• BRIEF:
Answer with one number only: the count of lines below that hold the word "ezdxf".

• DATASET ENTRIES:
= Beginning of Section =
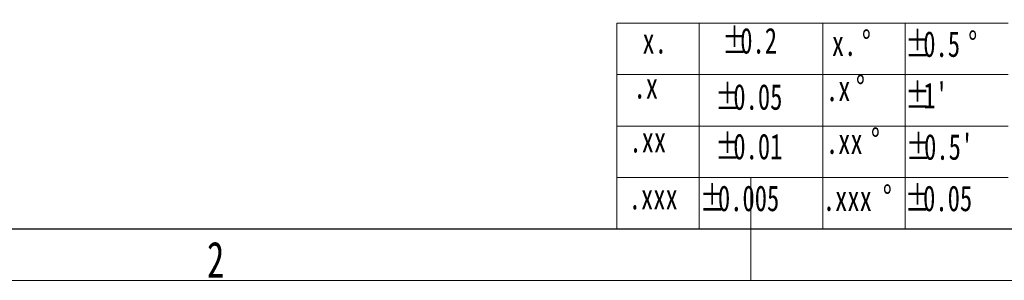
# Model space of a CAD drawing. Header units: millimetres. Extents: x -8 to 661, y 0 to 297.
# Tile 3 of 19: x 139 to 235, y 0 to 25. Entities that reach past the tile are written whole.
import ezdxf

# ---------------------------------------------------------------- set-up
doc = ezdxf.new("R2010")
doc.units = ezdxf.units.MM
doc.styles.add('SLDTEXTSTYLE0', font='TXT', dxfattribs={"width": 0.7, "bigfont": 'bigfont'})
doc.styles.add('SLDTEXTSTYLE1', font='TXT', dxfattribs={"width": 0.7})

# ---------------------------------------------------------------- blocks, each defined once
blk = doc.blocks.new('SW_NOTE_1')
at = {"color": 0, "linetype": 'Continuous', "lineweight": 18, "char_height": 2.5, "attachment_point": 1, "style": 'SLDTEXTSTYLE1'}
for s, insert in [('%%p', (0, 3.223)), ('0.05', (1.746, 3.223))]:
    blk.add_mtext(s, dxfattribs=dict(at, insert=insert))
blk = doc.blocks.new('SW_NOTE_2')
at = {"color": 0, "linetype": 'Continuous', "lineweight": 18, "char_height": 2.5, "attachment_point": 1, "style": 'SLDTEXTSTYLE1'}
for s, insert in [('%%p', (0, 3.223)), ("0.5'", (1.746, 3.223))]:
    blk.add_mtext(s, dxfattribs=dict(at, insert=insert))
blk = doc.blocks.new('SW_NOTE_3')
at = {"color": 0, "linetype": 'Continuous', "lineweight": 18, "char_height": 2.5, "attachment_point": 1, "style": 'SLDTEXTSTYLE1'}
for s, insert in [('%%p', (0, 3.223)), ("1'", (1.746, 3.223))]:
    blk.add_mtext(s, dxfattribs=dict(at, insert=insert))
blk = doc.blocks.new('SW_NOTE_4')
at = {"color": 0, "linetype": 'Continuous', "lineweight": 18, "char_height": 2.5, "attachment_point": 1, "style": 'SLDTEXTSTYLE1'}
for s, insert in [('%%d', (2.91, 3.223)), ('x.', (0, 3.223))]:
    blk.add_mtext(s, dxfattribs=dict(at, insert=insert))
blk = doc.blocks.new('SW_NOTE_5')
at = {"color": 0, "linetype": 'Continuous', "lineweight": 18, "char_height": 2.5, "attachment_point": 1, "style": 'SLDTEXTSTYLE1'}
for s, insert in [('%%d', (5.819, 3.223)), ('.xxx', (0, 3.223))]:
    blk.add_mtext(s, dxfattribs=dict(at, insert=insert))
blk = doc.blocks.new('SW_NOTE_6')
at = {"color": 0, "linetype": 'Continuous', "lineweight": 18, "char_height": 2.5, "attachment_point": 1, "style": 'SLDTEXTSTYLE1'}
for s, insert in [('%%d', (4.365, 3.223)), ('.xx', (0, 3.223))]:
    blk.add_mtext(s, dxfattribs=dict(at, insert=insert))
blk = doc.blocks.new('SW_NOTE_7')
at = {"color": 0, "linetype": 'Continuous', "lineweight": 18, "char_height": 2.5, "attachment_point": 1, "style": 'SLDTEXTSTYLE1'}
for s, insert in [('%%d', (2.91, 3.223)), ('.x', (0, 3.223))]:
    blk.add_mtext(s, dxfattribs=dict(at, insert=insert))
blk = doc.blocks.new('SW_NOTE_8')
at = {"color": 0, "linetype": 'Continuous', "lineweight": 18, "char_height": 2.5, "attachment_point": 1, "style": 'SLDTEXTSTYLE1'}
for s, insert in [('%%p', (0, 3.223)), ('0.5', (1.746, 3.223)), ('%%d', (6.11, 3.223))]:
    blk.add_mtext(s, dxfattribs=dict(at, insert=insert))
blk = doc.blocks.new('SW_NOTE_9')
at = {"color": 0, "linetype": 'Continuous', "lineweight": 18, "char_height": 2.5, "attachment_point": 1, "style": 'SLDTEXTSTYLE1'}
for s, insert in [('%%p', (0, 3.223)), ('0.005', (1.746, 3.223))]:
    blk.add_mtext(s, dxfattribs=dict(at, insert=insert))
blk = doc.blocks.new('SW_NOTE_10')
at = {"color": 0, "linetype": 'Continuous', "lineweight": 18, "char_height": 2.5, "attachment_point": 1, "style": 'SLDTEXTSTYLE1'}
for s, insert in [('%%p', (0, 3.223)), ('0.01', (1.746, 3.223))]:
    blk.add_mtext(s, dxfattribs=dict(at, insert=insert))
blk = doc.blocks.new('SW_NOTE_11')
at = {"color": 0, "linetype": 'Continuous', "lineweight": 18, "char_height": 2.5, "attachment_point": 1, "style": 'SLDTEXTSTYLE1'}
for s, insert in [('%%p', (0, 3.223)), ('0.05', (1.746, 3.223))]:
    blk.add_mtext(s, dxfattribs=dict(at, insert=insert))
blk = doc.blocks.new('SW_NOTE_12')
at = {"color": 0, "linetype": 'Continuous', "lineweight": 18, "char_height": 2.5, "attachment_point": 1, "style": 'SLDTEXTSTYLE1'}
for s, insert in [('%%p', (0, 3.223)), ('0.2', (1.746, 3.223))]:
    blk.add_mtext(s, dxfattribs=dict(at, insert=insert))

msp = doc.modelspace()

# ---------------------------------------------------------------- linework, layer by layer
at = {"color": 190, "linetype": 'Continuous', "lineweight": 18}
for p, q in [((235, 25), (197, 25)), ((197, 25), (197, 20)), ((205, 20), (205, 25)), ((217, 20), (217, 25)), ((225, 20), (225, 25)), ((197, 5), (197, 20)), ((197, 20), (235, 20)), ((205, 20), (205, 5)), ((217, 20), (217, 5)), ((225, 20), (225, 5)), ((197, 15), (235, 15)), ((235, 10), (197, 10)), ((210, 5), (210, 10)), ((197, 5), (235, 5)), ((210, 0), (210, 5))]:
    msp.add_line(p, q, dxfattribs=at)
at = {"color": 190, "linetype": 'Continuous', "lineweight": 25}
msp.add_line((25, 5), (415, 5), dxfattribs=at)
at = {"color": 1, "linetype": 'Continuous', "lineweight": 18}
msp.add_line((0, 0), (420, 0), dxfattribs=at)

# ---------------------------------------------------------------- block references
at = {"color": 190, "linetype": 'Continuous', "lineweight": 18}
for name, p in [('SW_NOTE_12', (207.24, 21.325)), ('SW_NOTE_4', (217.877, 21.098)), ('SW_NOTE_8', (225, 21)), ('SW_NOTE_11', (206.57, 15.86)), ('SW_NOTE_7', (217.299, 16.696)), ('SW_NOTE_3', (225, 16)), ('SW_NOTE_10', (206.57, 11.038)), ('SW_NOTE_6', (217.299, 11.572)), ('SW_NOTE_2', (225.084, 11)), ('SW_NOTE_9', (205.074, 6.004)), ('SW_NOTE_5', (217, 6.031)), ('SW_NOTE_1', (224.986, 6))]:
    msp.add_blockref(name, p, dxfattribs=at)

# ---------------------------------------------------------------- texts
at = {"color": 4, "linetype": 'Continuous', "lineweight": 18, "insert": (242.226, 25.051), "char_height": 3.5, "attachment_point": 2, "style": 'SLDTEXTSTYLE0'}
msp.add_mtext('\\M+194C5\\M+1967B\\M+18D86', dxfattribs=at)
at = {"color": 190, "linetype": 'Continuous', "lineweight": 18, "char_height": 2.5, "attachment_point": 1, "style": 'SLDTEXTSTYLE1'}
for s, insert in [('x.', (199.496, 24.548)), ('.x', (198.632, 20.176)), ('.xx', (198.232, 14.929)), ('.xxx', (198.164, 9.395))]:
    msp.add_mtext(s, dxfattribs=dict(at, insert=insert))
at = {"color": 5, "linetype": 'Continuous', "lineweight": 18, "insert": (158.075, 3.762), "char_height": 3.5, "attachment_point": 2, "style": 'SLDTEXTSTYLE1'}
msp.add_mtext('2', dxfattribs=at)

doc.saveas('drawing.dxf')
= End of Section =
• RESPONSE TO THIS TASK:
3